In 1910 Andrew Carnegie, the prominent industrialist and philanthropist, donated $15,000 for construction of a library. The now national science and mathematics honor society, Sigma Zeta, was founded at Shurtleff College as a local organization to provide recognition for their science and mathematics students. In a letter that appeared in the correspondence section of the American Chemical Society's Journal of Chemical Education, Sigma Zeta was offered as an alternative for small colleges to the existing Sigma Xi honor society. It had often passed over small colleges for membership as it focused on larger universities. Shurtleff College was a member of the Illinois Intercollegiate Athletic Conference from 1910-1937.

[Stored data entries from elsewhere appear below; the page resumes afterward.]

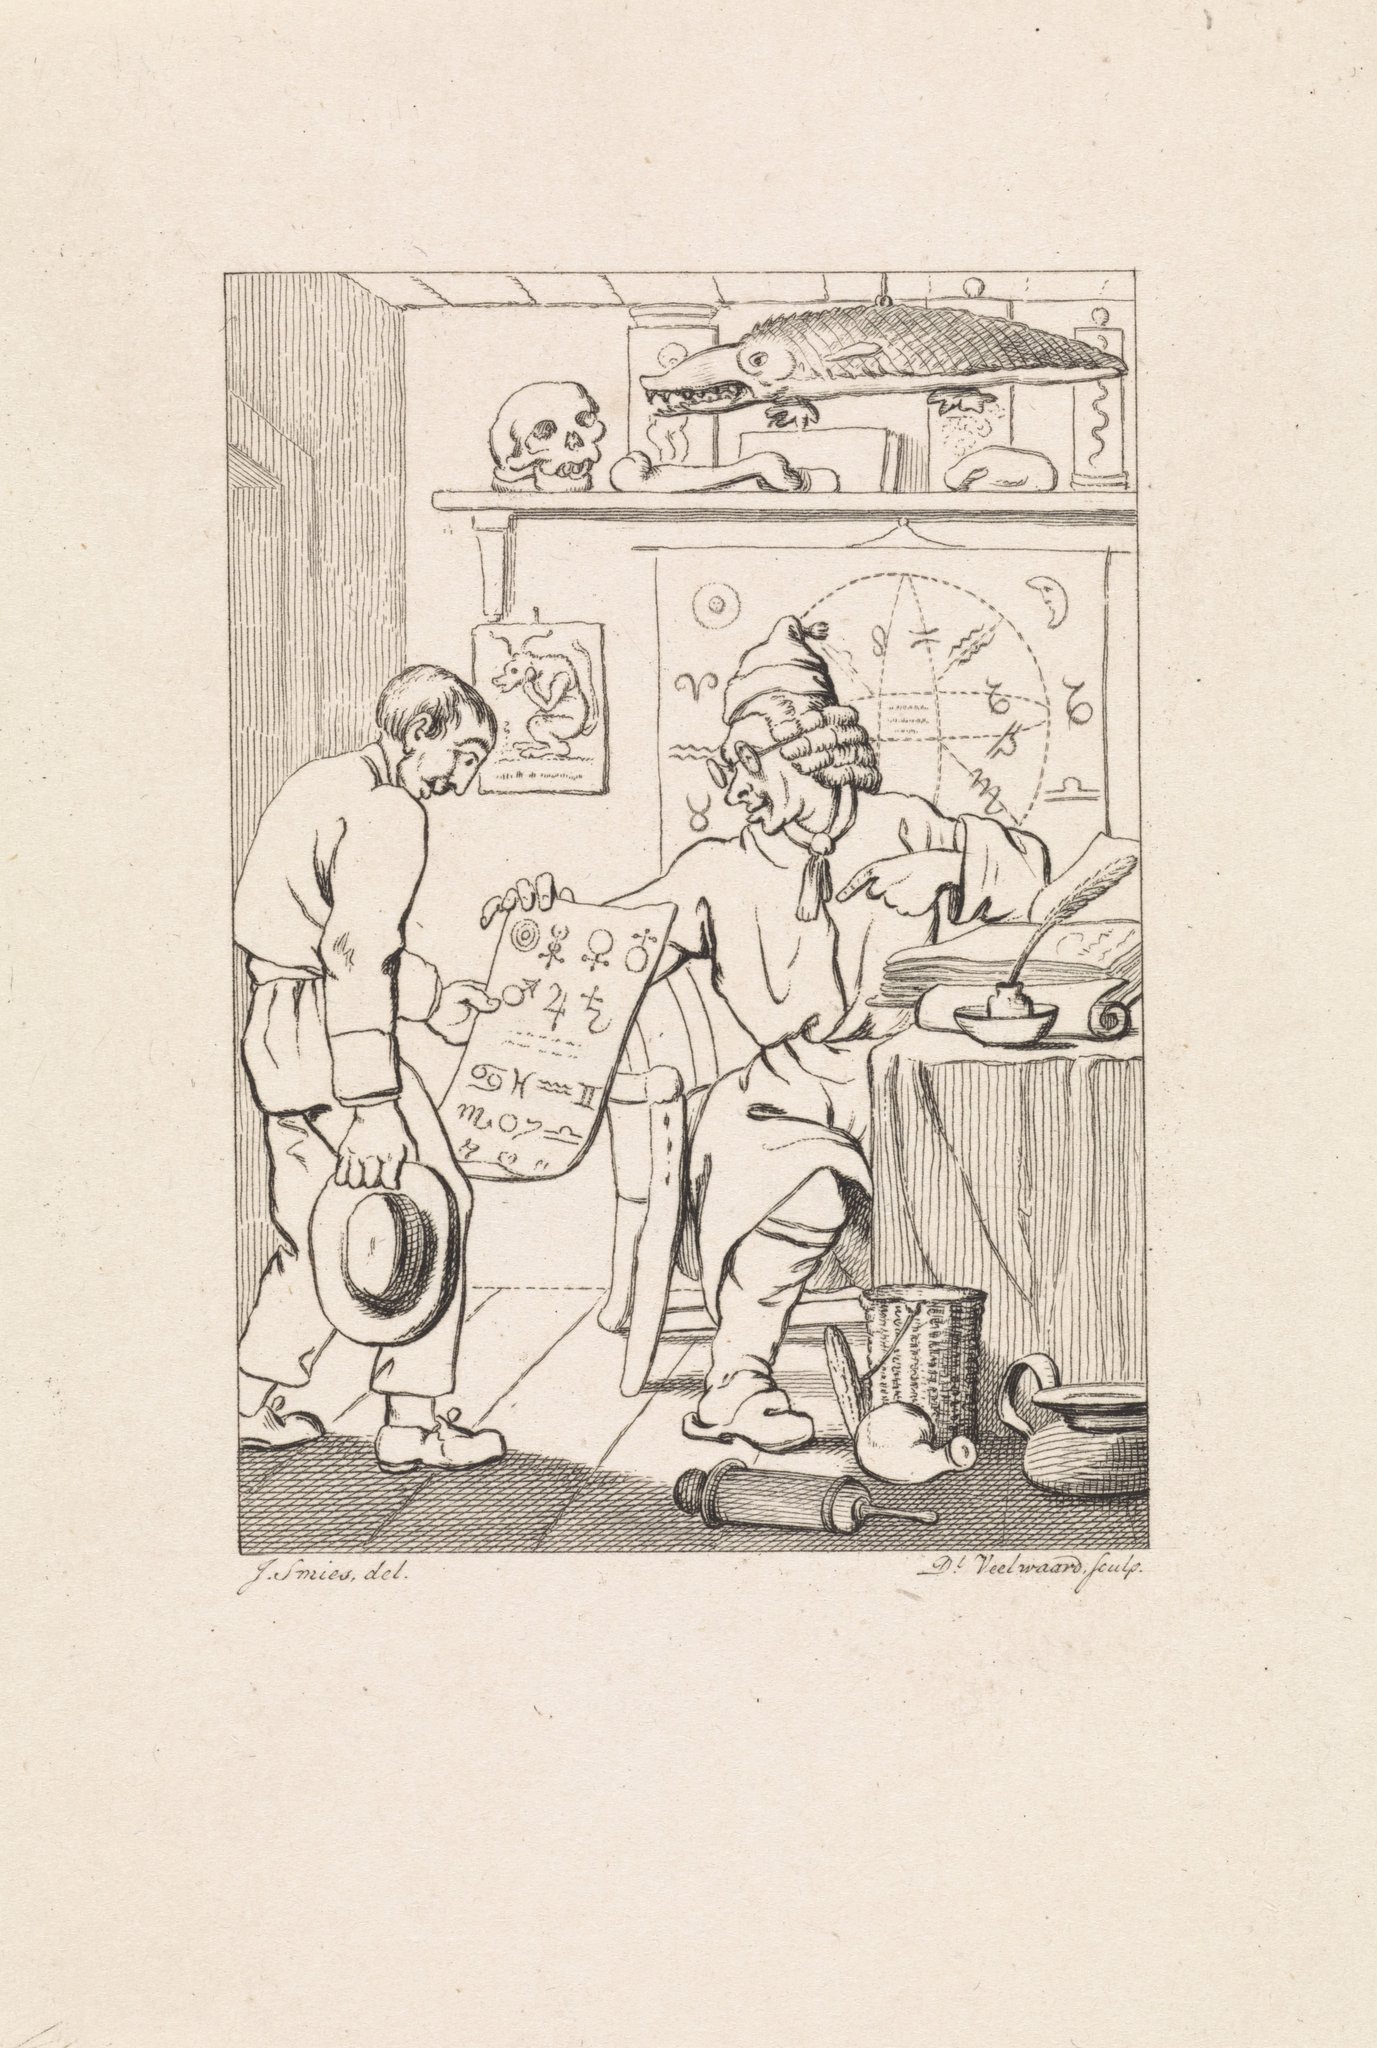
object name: print
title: Man toont een blad met de symbolen van de tekenen van de dierenriem aan een andere figuur
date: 1833
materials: paper
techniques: engraving, etching
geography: amsterdam
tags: scholar in his study, caricatures (human types), astrological signs and symbols
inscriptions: collector's mark: Lugt 2228
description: In een interieur toont een man zittend aan een tafel een blad met de symbolen van de tekenen van de dierenriem aan een andere figuur, die naast hem staat met zijn hoed in de hand.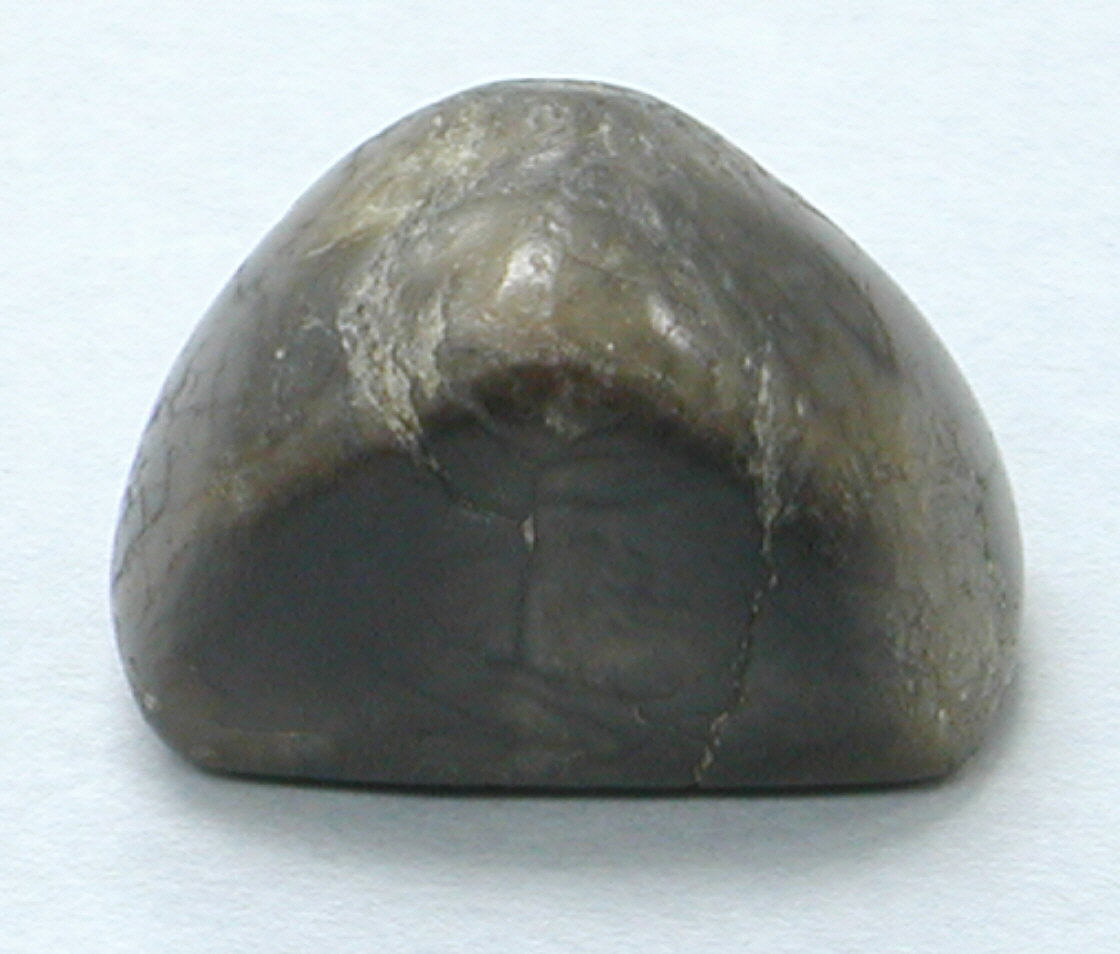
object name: ritual stone
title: Stone Pulidor
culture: mexican
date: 1501-1600
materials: stone
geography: mexico

In 1950 Shurtleff reached its peak enrollment of 700 students, also seeing its highest number of graduates that year, 99. The school ceased operating as Shurtleff College on June 30, 1957, when it became part of the Southern Illinois University system. Students enrolled at Shurtleff at the time continued their education; the last twenty-eight students of Shurtleff College graduated in 1958. Shurtleff College was the oldest Baptist college west of the Appalachians until it was absorbed by Southern Illinois University.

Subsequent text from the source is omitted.